Frank Bisignano’s great(ish) escape

Roula Khalaf, Editor of the FT, selects her favourite stories in this weekly newsletter.
Frank Bisignano, the new ‘CEO’ of the IRS, should know the value of a good tax break.
Bisignano — also head of the Social Security Administration — made a fortune running Fiserv, a data and payments company, after top jobs at JPMorgan Chase and Citigroup.
In order to comply with his ethics agreement to enter the US government in May, he was forced to sell hundreds of millions of dollars’ worth of shares in Fiserv — deferring taxes on the sale — and move his assets into diversified mutual funds, exchange traded funds or Treasuries.
Of course, no one joins the US government to make money*. But the timing may have been fortuitous for Bisignano: It’s been a really, really bad year for Fiserv and a much better one for diversified funds. Let’s take a look at how lucky he was.
Bisignano held 3,321,496 Fiserv shares as of 7 May, according to company filings, giving his stake a cocktail-napkin-maths valuation of $605mn.
Between 16 May and 1 July, he sold between $244mn and $617mn worth of those shares (temporarily saving anywhere from $49mn to $123mn on the sale because he was allowed to defer the 20 per cent capital gains tax). Given the sales stopped in July, we would assume the stake is now fully divested as pledged.
All of which prompted us to wonder — was this a good time to sell?
The answer is somewhat nuanced. That’s because selling Fiserv stock this year has been like trying to choose when to jump from the fourth floor of a burning building.
Bisignano began selling a day after the stock had sunk 16 per cent, following Fiserv’s disclosure on 15 May that revenue growth from its Clover point-of-sale payment processing system disappointed Wall Street. It had also slumped in February and April.
But Fiserv stock fell another 14 per cent on July 14, when it cut its revenue growth forecast, and the stock has slid another 7 per cent over the past month.

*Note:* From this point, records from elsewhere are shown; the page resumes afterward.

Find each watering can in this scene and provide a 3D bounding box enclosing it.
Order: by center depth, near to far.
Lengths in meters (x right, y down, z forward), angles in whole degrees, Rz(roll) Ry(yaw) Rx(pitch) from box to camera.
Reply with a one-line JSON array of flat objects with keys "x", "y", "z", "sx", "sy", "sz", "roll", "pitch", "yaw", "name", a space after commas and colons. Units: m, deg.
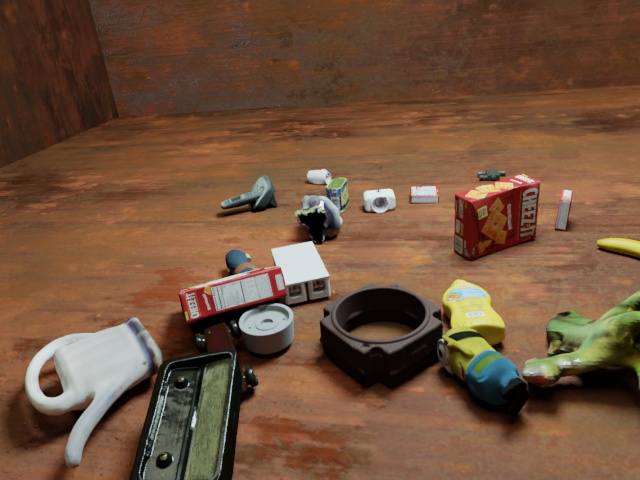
[{"x": -0.384, "y": 0.245, "z": 0.907, "sx": 0.226, "sy": 0.102, "sz": 0.351, "roll": -22, "pitch": 30, "yaw": -31, "name": "watering can"}]

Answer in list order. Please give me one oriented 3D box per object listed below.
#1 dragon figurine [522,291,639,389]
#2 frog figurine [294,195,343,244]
[{"x": 0.499, "y": 0.138, "z": 0.882, "sx": 0.415, "sy": 0.121, "sz": 0.242, "roll": -28, "pitch": 10, "yaw": -27, "name": "dragon figurine"}, {"x": 0.005, "y": -0.075, "z": 1.481, "sx": 0.137, "sy": 0.121, "sz": 0.162, "roll": 32, "pitch": 22, "yaw": 3, "name": "frog figurine"}]
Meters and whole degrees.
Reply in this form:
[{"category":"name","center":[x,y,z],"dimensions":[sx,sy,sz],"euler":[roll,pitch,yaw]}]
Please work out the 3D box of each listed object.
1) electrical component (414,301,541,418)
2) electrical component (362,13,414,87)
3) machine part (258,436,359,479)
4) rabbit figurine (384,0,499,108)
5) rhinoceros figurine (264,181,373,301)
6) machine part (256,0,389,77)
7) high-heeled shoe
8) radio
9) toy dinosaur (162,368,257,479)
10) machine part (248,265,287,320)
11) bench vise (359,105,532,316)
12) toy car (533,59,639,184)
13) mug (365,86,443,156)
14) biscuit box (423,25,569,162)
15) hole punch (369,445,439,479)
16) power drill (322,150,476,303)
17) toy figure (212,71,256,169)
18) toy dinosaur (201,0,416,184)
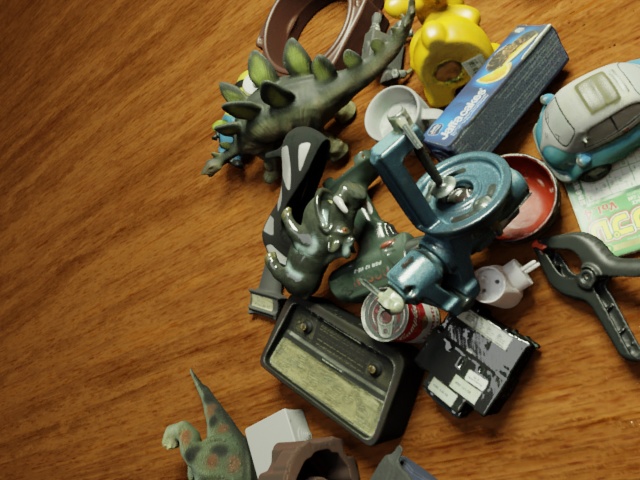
[{"category":"electrical component","center":[0.189,0.152,0.673],"dimensions":[0.115,0.058,0.134],"euler":[38,103,37]},{"category":"electrical component","center":[0.108,-0.293,0.831],"dimensions":[0.045,0.078,0.102],"euler":[-2,71,60]},{"category":"machine part","center":[-0.011,0.347,0.706],"dimensions":[0.056,0.179,0.179],"euler":[-18,69,35]},{"category":"rabbit figurine","center":[0.165,-0.298,0.754],"dimensions":[0.122,0.162,0.173],"euler":[-27,46,41]},{"category":"rhinoceros figurine","center":[-0.002,-0.002,0.752],"dimensions":[0.112,0.073,0.190],"euler":[48,118,37]},{"category":"machine part","center":[-0.003,-0.350,0.911],"dimensions":[0.201,0.087,0.201],"euler":[35,99,36]},{"category":"high-heeled shoe","center":[-0.021,-0.045,0.819],"dimensions":[0.145,0.086,0.248],"euler":[2,109,46]},{"category":"radio","center":[0.030,0.174,0.772],"dimensions":[0.230,0.073,0.131],"euler":[25,95,36]},{"category":"toy dinosaur","center":[-0.149,0.389,0.833],"dimensions":[0.192,0.131,0.405],"euler":[-14,67,20]},{"category":"machine part","center":[-0.084,0.062,0.905],"dimensions":[0.084,0.039,0.138],"euler":[4,84,45]},{"category":"bench vise","center":[0.118,-0.033,0.584],"dimensions":[0.223,0.240,0.129],"euler":[-37,35,4]},{"category":"toy car","center":[0.316,-0.141,0.602],"dimensions":[0.162,0.103,0.109],"euler":[-31,63,31]},{"category":"mug","center":[0.134,-0.160,0.754],"dimensions":[0.110,0.107,0.080],"euler":[-3,77,33]},{"category":"biscuit box","center":[0.222,-0.178,0.684],"dimensions":[0.202,0.062,0.059],"euler":[-49,33,-3]},{"category":"hole punch","center":[0.113,0.347,0.675],"dimensions":[0.142,0.092,0.116],"euler":[-64,32,7]},{"category":"power drill","center":[0.096,-0.023,0.769],"dimensions":[0.232,0.086,0.207],"euler":[-35,67,32]},{"category":"toy figure","center":[-0.142,-0.224,0.986],"dimensions":[0.089,0.082,0.180],"euler":[30,100,38]},{"category":"toy dinosaur","center":[-0.033,-0.202,0.821],"dimensions":[0.472,0.198,0.105],"euler":[-23,57,31]}]
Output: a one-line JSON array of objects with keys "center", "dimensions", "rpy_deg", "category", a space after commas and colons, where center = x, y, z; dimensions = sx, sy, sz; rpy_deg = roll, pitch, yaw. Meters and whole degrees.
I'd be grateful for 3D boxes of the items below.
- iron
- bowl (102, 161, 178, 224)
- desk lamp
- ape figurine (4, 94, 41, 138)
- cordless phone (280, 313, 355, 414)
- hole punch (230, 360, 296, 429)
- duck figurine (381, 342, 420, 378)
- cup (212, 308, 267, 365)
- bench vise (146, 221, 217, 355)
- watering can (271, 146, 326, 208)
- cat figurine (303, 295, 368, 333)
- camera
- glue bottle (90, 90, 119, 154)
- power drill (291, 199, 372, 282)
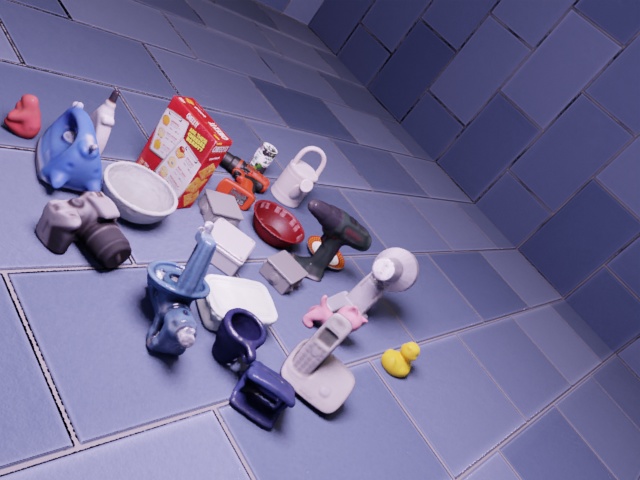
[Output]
[{"center": [-0.515, -0.213, 1.201], "dimensions": [0.119, 0.141, 0.257], "rpy_deg": [12, 38, -43], "category": "iron"}, {"center": [-0.398, -0.089, 1.237], "dimensions": [0.168, 0.074, 0.167], "rpy_deg": [31, 28, -18], "category": "bowl"}, {"center": [0.141, 0.116, 1.464], "dimensions": [0.117, 0.213, 0.204], "rpy_deg": [48, 27, 16], "category": "desk lamp"}, {"center": [-0.619, -0.268, 1.206], "dimensions": [0.076, 0.092, 0.078], "rpy_deg": [45, 27, 11], "category": "ape figurine"}, {"center": [0.023, 0.244, 1.147], "dimensions": [0.147, 0.185, 0.094], "rpy_deg": [39, 26, -2], "category": "cordless phone"}, {"center": [-0.098, 0.270, 1.055], "dimensions": [0.109, 0.091, 0.101], "rpy_deg": [36, 27, -7], "category": "hole punch"}, {"center": [0.209, 0.290, 1.428], "dimensions": [0.105, 0.086, 0.077], "rpy_deg": [5, 43, -49], "category": "duck figurine"}, {"center": [-0.157, 0.201, 1.081], "dimensions": [0.092, 0.095, 0.117], "rpy_deg": [17, 34, -38], "category": "cup"}, {"center": [-0.229, 0.087, 1.023], "dimensions": [0.122, 0.219, 0.207], "rpy_deg": [4, 44, -50], "category": "bench vise"}, {"center": [-0.052, -0.192, 1.710], "dimensions": [0.101, 0.194, 0.172], "rpy_deg": [13, 37, -42], "category": "watering can"}, {"center": [0.043, 0.181, 1.346], "dimensions": [0.128, 0.117, 0.067], "rpy_deg": [39, 26, -2], "category": "cat figurine"}, {"center": [-0.422, -0.018, 1.067], "dimensions": [0.136, 0.100, 0.144], "rpy_deg": [48, 27, 16], "category": "camera"}, {"center": [-0.488, -0.263, 1.278], "dimensions": [0.037, 0.173, 0.078], "rpy_deg": [1, 46, -52], "category": "glue bottle"}, {"center": [0.014, 0.005, 1.476], "dimensions": [0.230, 0.208, 0.075], "rpy_deg": [19, 33, -36], "category": "power drill"}]
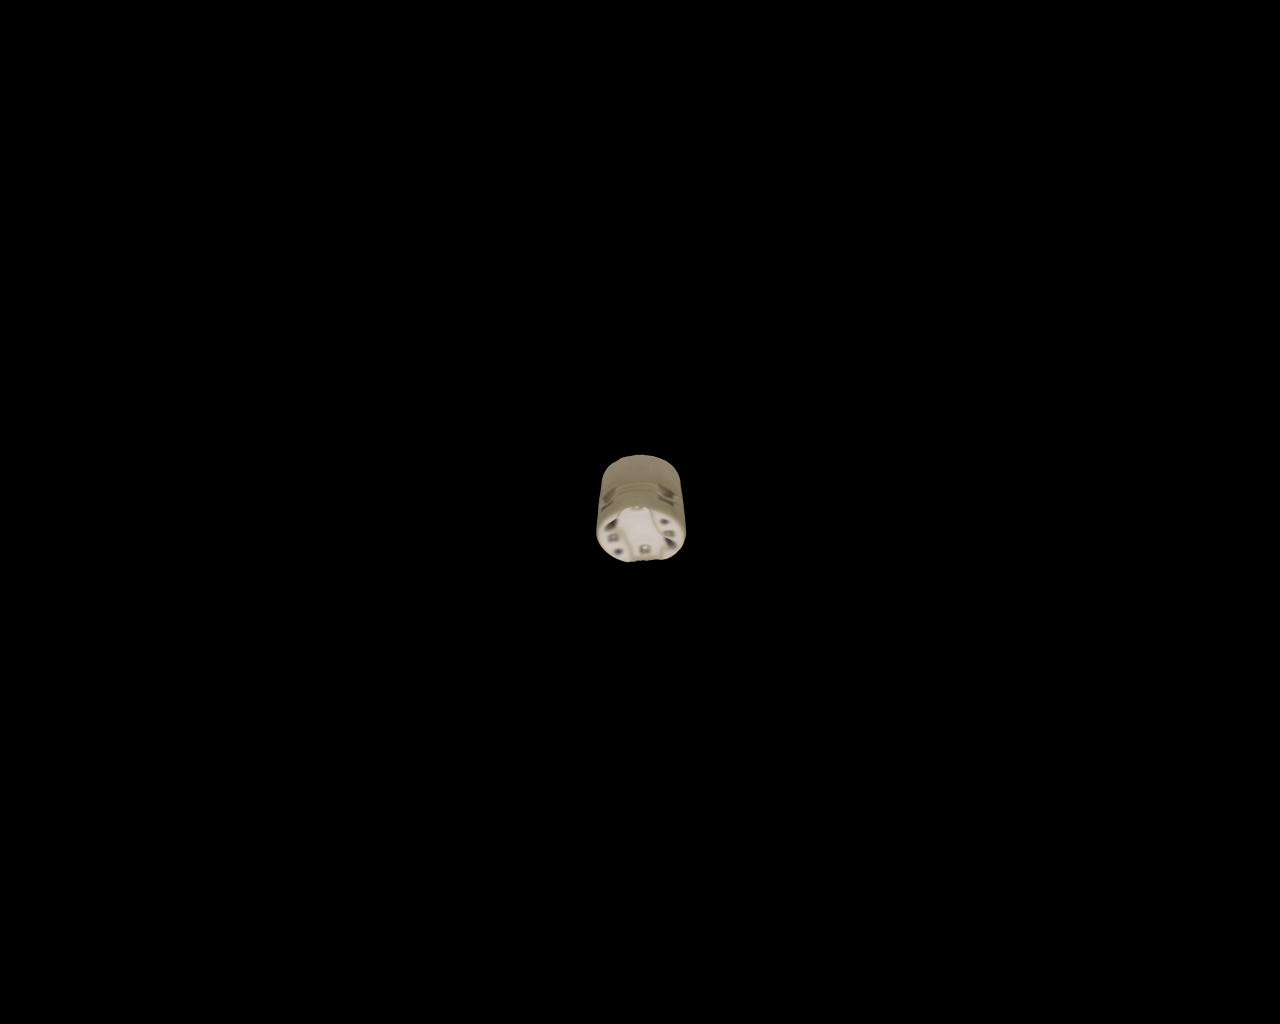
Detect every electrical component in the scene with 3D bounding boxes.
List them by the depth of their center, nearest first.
[{"bbox_3d":[0.001,-0.003,0.650,0.055,0.047,0.055,0,-40,0],"label":"electrical component"}]
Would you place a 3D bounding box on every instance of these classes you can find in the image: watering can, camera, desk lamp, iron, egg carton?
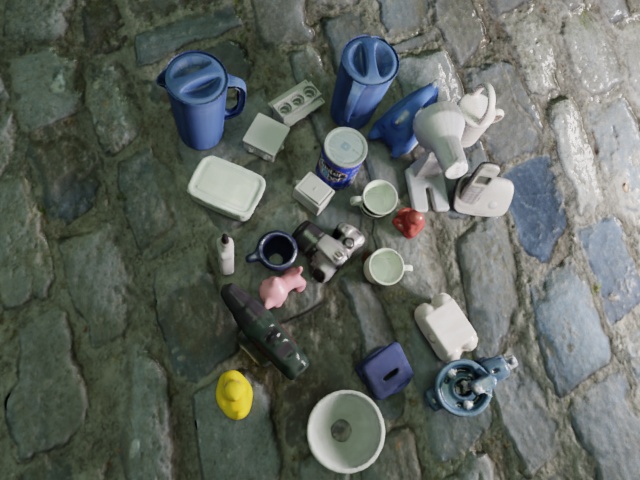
[{"bbox_3d":[0.382,-0.318,1.443,0.173,0.194,0.101,-24,77,-16],"label":"watering can"},{"bbox_3d":[0.012,0.005,1.328,0.137,0.100,0.143,42,71,5],"label":"camera"},{"bbox_3d":[0.285,-0.196,1.377,0.118,0.213,0.203,-5,73,-11],"label":"desk lamp"},{"bbox_3d":[0.242,-0.336,1.453,0.118,0.141,0.259,39,71,5],"label":"iron"},{"bbox_3d":[0.290,0.204,1.326,0.107,0.069,0.150,-30,79,-17],"label":"egg carton"}]

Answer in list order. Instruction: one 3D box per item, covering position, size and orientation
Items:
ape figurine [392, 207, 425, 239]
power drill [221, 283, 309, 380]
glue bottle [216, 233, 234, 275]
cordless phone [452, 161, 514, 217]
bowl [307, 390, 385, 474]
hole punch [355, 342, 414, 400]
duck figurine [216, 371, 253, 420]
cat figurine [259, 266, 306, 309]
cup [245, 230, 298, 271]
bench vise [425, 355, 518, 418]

There are quite a few moving factors in any counterfactual here, but it seems a fair ballpark estimate to say that an earlier confirmation might have saved Bisignano an eight-figure sum — and that a few more weeks of delay could have cost him a similar amount.
There’s also the question of what he has put the money into since. The US government permits government employees like Bisignano to invest the cash in mutual funds, broad ETFs or Treasuries, meaning he may have diversified his holdings at an opportune time.
Fiserv stock has fallen almost 34 per cent since he was confirmed to lead the social security administration on May 6, while the S&P 500 is up nearly 18 per cent. The 10-year Treasury yield is over 4 per cent.
Now, we don’t know what Bisignano invested in after his sales. The Social Security Administration press officer told us:
Commissioner Bisignano has fully complied with the obligations required under his federal government ethics agreement as a Senate-confirmed presidential appointee.
But as things played out, he’s probably happy that he entered July not holding his ex-employer. Let’s look at how things have panned out since 8 June, roughly halfway through Bisignano’s divestment:
In the long-run, however, sticking at Fiserv probably would have been more lucrative. In 2024, Bisignano’s base salary at the company was $1.4mn. His total compensation, including equity awards, was $27mn, and even that was a big drop from earlier years.